Hi @big-carpet-38439, I installed an third-party analyzer and updated the mapping of datasetindex_v2. I am able to hit the result by directly searching the index. Here is the new mapping properties I used:
Copy code
{
  "properties": {
    "editedFieldDescriptions": {
      "type": "keyword",
      "normalizer": "keyword_normalizer",
      "fields": {
        "chinese": {
          "type": "text",
          "analyzer": "ik_max_word"
        },
        "delimited": {
          "type": "text",
          "analyzer": "word_delimited"
        },
        "keyword": {
          "type": "keyword"
        }
      }
    }
  }
}
Below is the command I executed to query:
Copy code
GET 192.168.21.6:9800/datasetindex_v2/_search
Content-Type: application/json

{
  "query": {
    "query_string": {
      "query": "风场"
    }
  },
  "size": 100,
  "from": 0,
  "sort": []
}
And here is the result:
Copy code
HTTP/1.1 200 OK
content-type: application/json; charset=UTF-8

{
  "took": 7,
  "timed_out": false,
  "_shards": {
    "total": 1,
    "successful": 1,
    "skipped": 0,
    "failed": 0
  },
  "hits": {
    "total": {
      "value": 1,
      "relation": "eq"
    },
    "max_score": 0.5753642,
    "hits": [
      {
        "_index": "datasetindex_v2",
        "_type": "_doc",
        "_id": "urn%3Ali%3Adataset%3A%28urn%3Ali%3AdataPlatform%3Atrino%2Cdelta.presto.ads_t_work_ticket%2CPROD%29",
        "_score": 0.5753642,
        "_source": {
          "urn": "urn:li:dataset:(urn:li:dataPlatform:trino,delta.presto.ads_t_work_ticket,PROD)",
          "hasContainer": true,
          "container": "urn:li:container:8c10da9c9f51714c5b4591f36ff2e709",
          "origin": "PROD",
          "id": "delta.presto.ads_t_work_ticket",
          "browsePaths": [
            "/prod/trino/delta/presto/ads_t_work_ticket"
          ],
          "platform": "urn:li:dataPlatform:trino",
          "removed": false,
          "customProperties": [],
          "name": "ads_t_work_ticket",
          "hasDescription": false,
          "fieldPaths": [
            "fcid",
            "bmmc",
            "added_ticket_count",
            "pending_ticket_count",
            "wind_field_code",
            "create_day",
            "data_year",
            "create_time",
            "effect_date",
            "expire_date"
          ],
          "fieldGlossaryTerms": [],
          "fieldDescriptions": [],
          "fieldTags": [],
          "typeNames": [
            "table"
          ],
          "editedFieldGlossaryTerms": [],
          "editedFieldDescriptions": [
            "风场代码"
          ],
          "editedFieldTags": []
        }
      }
    ]
  }
}
However when I tried searching in datahub, I got nothing. Could you kindly help me out? Is there any parameter I need to change?

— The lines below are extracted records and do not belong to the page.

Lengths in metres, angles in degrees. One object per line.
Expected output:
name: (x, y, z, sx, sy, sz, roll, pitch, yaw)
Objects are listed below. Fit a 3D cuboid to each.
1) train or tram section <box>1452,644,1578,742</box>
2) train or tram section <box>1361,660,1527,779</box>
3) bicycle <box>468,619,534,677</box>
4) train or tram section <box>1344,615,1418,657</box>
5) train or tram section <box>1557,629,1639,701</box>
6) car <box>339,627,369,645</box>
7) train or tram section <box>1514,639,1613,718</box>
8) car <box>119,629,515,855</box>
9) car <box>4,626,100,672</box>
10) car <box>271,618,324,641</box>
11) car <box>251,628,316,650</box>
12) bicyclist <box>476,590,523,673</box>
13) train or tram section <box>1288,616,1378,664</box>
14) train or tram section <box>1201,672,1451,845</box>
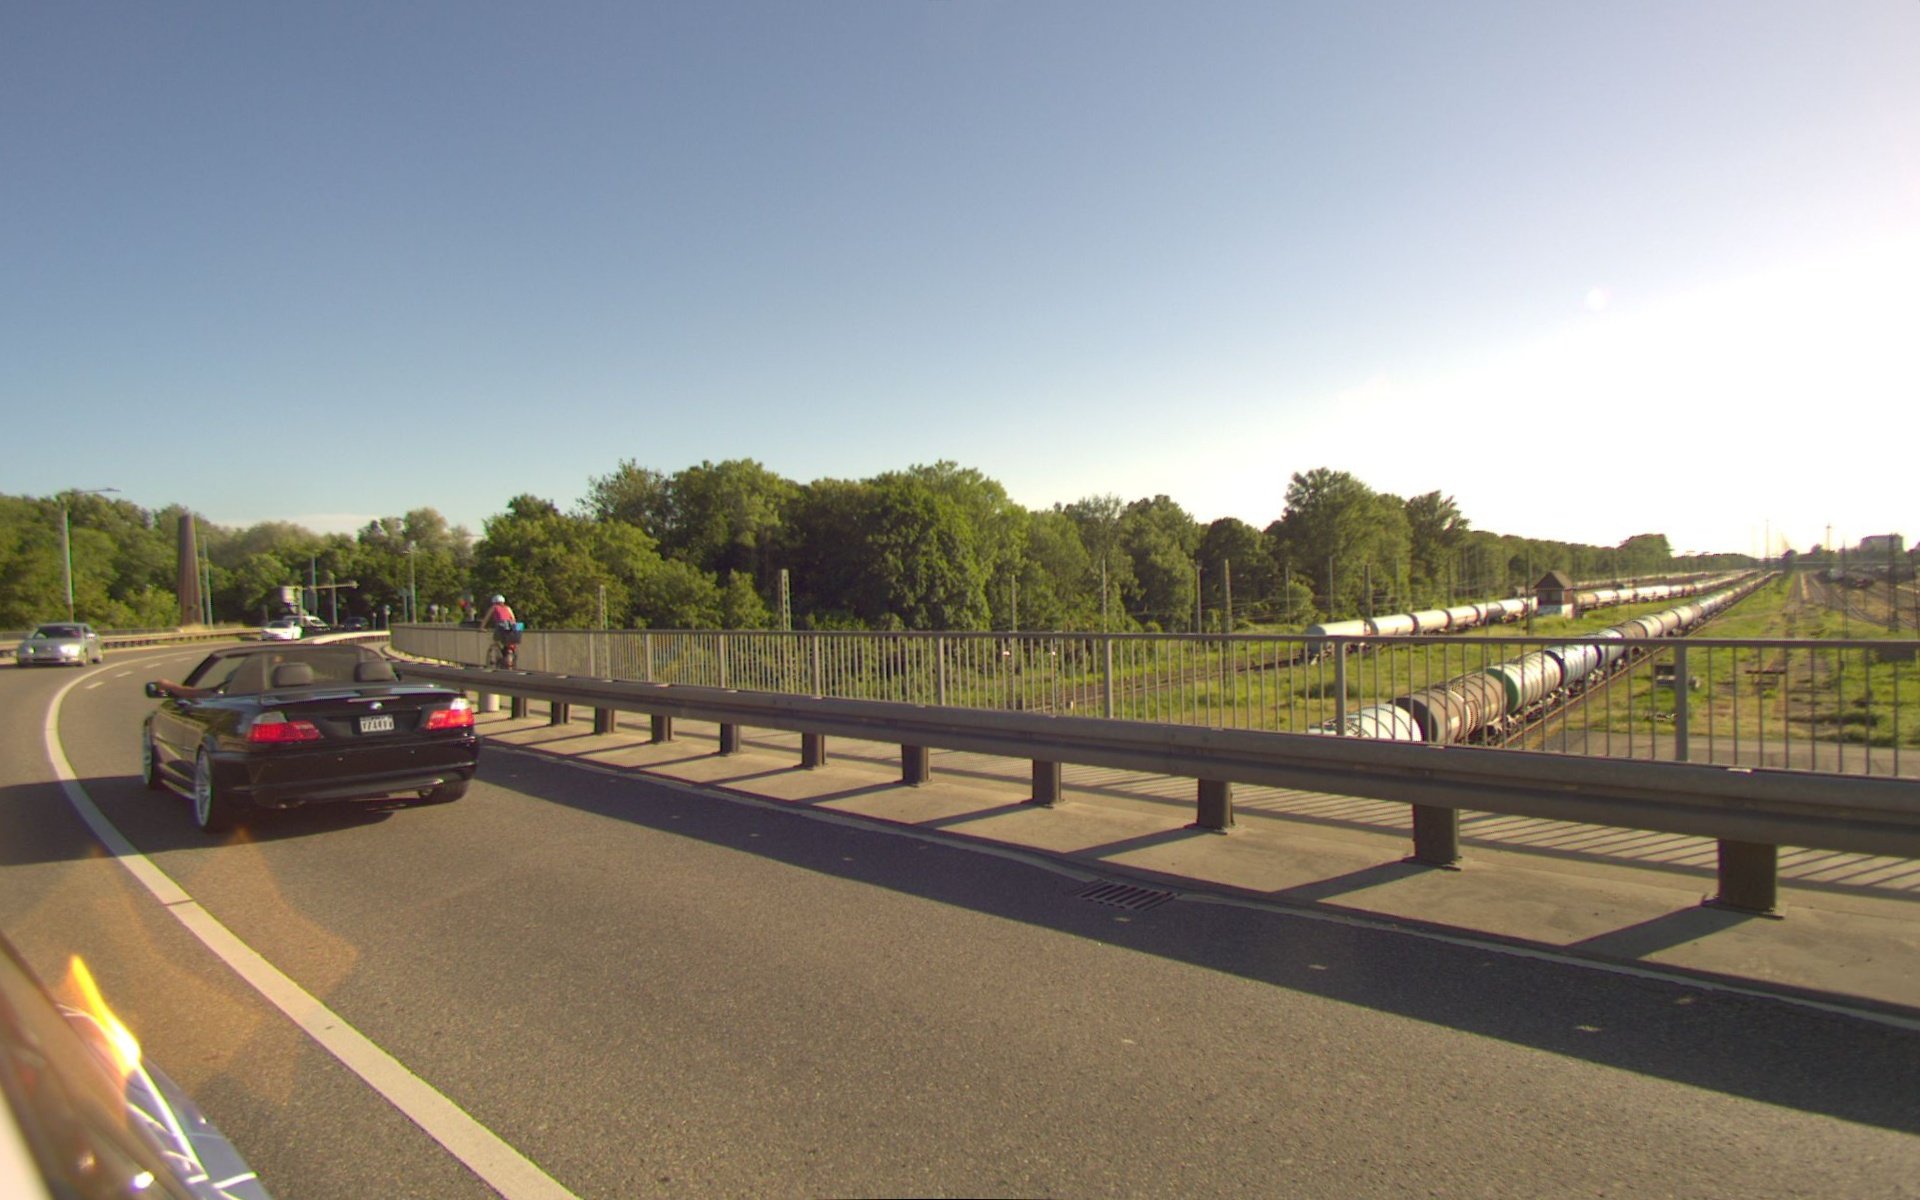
train or tram section: (36.173, 5.665, 65.400, 3.903, 5.054, 16.444, -2, -1, 40)
train or tram section: (25.708, 5.800, 52.915, 3.903, 4.626, 16.094, -2, -1, 40)
bicycle: (-9.088, 0.929, 20.006, 0.646, 1.073, 1.892, 0, -1, -42)
train or tram section: (56.387, 4.682, 135.035, 4.045, 5.125, 17.949, -2, -1, 39)
train or tram section: (57.122, 5.534, 90.333, 3.903, 5.561, 16.284, -2, -1, 40)
car: (-60.846, 3.595, 101.685, 1.890, 1.630, 3.754, 0, -1, -19)
train or tram section: (46.673, 5.725, 77.898, 3.903, 5.054, 16.147, -2, -1, 40)
car: (-5.430, 0.935, 8.309, 4.181, 1.365, 1.726, -2, -1, 42)
car: (-30.672, 1.607, 34.313, 1.736, 1.447, 4.342, 0, -1, -32)
car: (-81.833, 3.612, 124.979, 5.647, 2.518, 2.107, -3, -1, 12)
car: (-48.713, 2.782, 73.007, 1.966, 1.484, 4.130, -1, -1, 0)
bicyclist: (-9.115, 0.617, 20.040, 0.646, 1.601, 0.769, 0, -1, -42)
train or tram section: (44.689, 4.608, 120.624, 4.045, 5.125, 19.099, -2, -1, 39)
train or tram section: (15.225, 5.677, 40.397, 3.903, 4.626, 16.544, -2, -1, 40)

@big-carpet-38439 I noticed the text analyzer was set to "word_delimited" in
SearchQueryBuilder.java
. Could that be a reason?
@little-megabyte-1074 Sorry to bother. But could you kindly help me out with this?
b
@thankful-magazine-50386 You are searching for description right? Yeah so description we do word-delimited to avoid blowing up the index completely
If you search for the full word description does it work?
t
Hi @big-carpet-38439, thanks for the reply. Yes, I'm searching for description. Searching for the full word description worked.